Surely and steadily, the Republic of Belarus has been undergoing a highly sensitive yet intriguing economic revitalization. And at a critical moment in world history where emerging economies, especially those from within Latin America and Eurasia, are not generating the confidence to encourage foreign investment, Belarus instead is taking its rightful place under the spotlight on the global stage.

A recent Investment Forum in London made clear the intentions of the nation’s Ministry of Finance – look beyond geopolitics. Look toward better capitalizing on the budding multilateral relationships with European nations and business partners. Moreover, work closely with the private sector in promoting a nation that is not only Information Technology (IT)-savvy and fiscally incentivizing for the Fortune 500 sect, but has long been an innovative hub for opulence with leading brands from across the world.

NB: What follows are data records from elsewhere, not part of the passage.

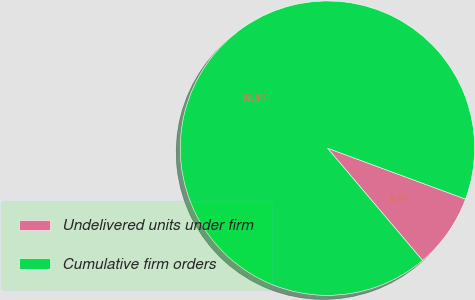Convert chart. <chart><loc_0><loc_0><loc_500><loc_500><pie_chart><fcel>Undelivered units under firm<fcel>Cumulative firm orders<nl><fcel>8.19%<fcel>91.81%<nl></chart> 
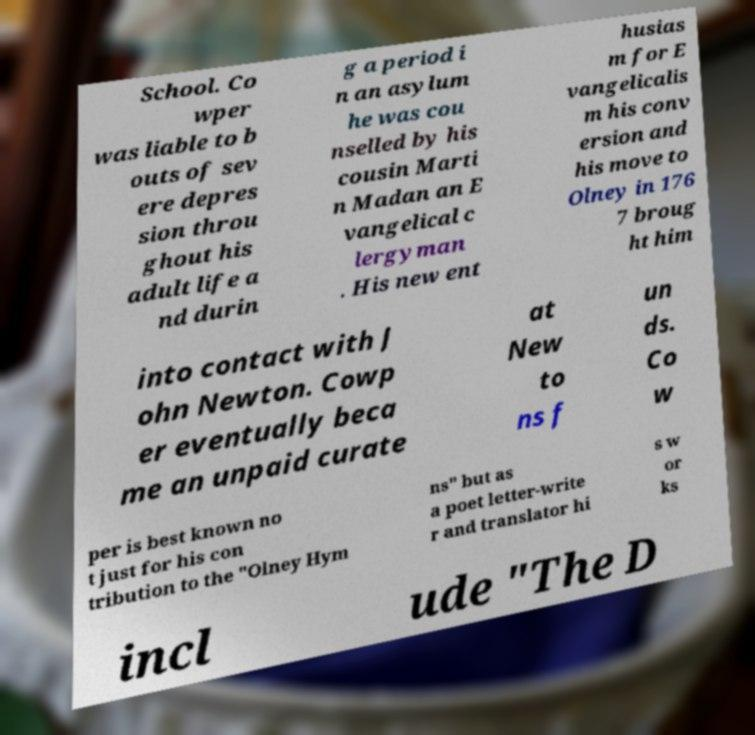I need the written content from this picture converted into text. Can you do that? School. Co wper was liable to b outs of sev ere depres sion throu ghout his adult life a nd durin g a period i n an asylum he was cou nselled by his cousin Marti n Madan an E vangelical c lergyman . His new ent husias m for E vangelicalis m his conv ersion and his move to Olney in 176 7 broug ht him into contact with J ohn Newton. Cowp er eventually beca me an unpaid curate at New to ns f un ds. Co w per is best known no t just for his con tribution to the "Olney Hym ns" but as a poet letter-write r and translator hi s w or ks incl ude "The D 
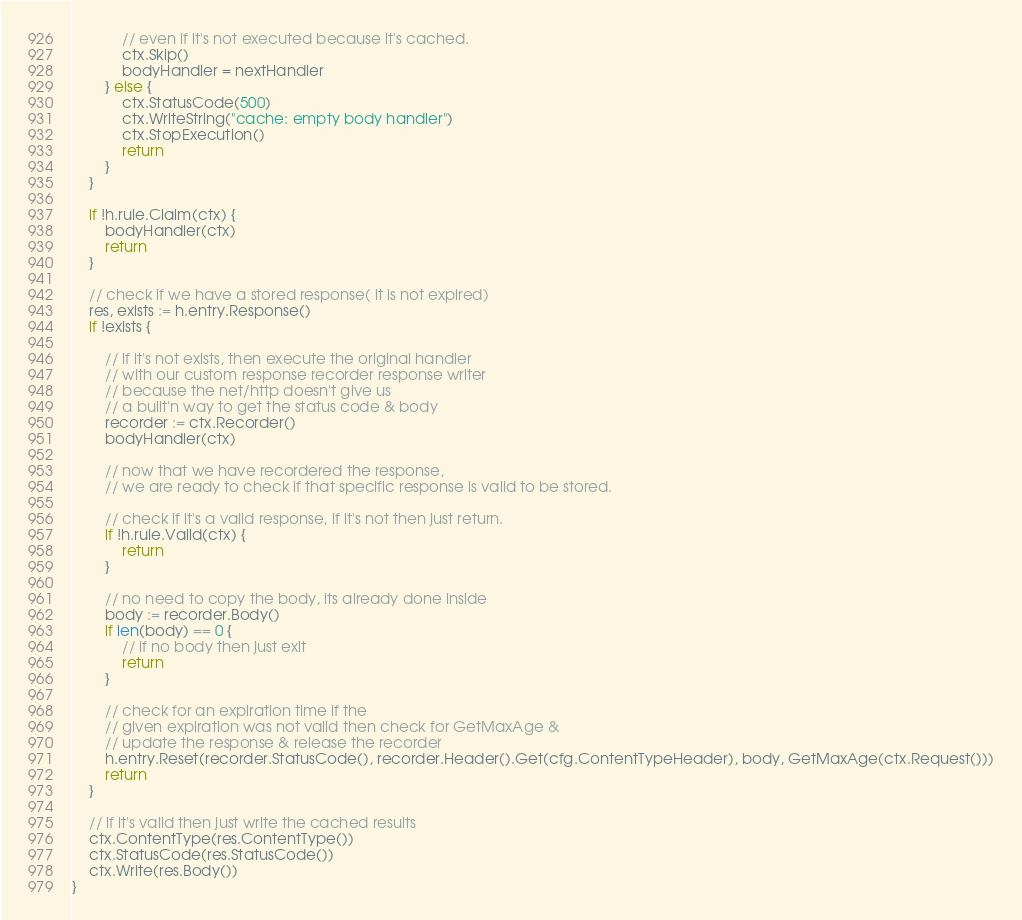<code> <loc_0><loc_0><loc_500><loc_500><_Go_>			// even if it's not executed because it's cached.
			ctx.Skip()
			bodyHandler = nextHandler
		} else {
			ctx.StatusCode(500)
			ctx.WriteString("cache: empty body handler")
			ctx.StopExecution()
			return
		}
	}

	if !h.rule.Claim(ctx) {
		bodyHandler(ctx)
		return
	}

	// check if we have a stored response( it is not expired)
	res, exists := h.entry.Response()
	if !exists {

		// if it's not exists, then execute the original handler
		// with our custom response recorder response writer
		// because the net/http doesn't give us
		// a built'n way to get the status code & body
		recorder := ctx.Recorder()
		bodyHandler(ctx)

		// now that we have recordered the response,
		// we are ready to check if that specific response is valid to be stored.

		// check if it's a valid response, if it's not then just return.
		if !h.rule.Valid(ctx) {
			return
		}

		// no need to copy the body, its already done inside
		body := recorder.Body()
		if len(body) == 0 {
			// if no body then just exit
			return
		}

		// check for an expiration time if the
		// given expiration was not valid then check for GetMaxAge &
		// update the response & release the recorder
		h.entry.Reset(recorder.StatusCode(), recorder.Header().Get(cfg.ContentTypeHeader), body, GetMaxAge(ctx.Request()))
		return
	}

	// if it's valid then just write the cached results
	ctx.ContentType(res.ContentType())
	ctx.StatusCode(res.StatusCode())
	ctx.Write(res.Body())
}
</code>

Indeed, as Minister of Economy Nikolai Snopkov recently remarked at the gala, Belarus is once more “on the radar screen”.

However, there is something to be said for a calculatingly subtle conversional agenda. It is important to note that there are, at present, nearly 275 British companies actively operating in Belarus. And perhaps contrary to popular, albeit uninformed belief, that figure is set to increase perhaps tenfold.

The nation’s gross domestic product has tripled since the dawn of the new millennium, presently playing host to nearly 10% of global agribusiness’ combine harvesters and 6% of its tractors.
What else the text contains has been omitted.